Not one to give up lightly, the narrator gathers his tools. He gets a gas mask and several barrels of acid. If he is going to do this, he is going to overdo this. Digging into the house he discovers something strange. A blue-white translucent tube about two feet thick, bent in the middle, buried below the cellar. In a moment of horrible realization he understands, this is but the creature's elbow!
In a panic he dumps in most of the acid, attacking the evil appendage. But, as all good Lovecraft protagonists do, he faints before he finishes. When he wakes up, there is no sign of the creature. He pours in the remaining acid and covers it over with dirt. He is saddened at the loss of his uncle (a rare sign of emotion from Lovecraft), but all seems to be right again. The home is occupied again and nothing sinister seems to happen again. Strangely enough we get a happy ending in this Lovecraftian tale.

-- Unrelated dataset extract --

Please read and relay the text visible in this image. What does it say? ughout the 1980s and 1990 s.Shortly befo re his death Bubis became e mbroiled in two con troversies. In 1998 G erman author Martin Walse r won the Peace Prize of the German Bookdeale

Though the elements are better used in other stories, like Rats in the Walls or Under the Pyramids, it is not the idea behind the story that causes it to suffer. A lack of editing and trimming of the text leaves this story bloated and dry. When first glancing over the synopsis of this story, even its strange reveal at the climax, it sounds like an interesting tale. But when tackling the full text, you quickly realize it is not as taught and suspenseful as you would hope. If you want to check out the full text, you can read it here: HPL's The Shunned House
There is also a somewhat cheesy yet entertaining Italian splatterhouse movie that is very very very loosely based on this story with the same title. It has some interesting Lovecraft connections and can be a fun watch if you are like me and into those sorts of movies even though they are terrible.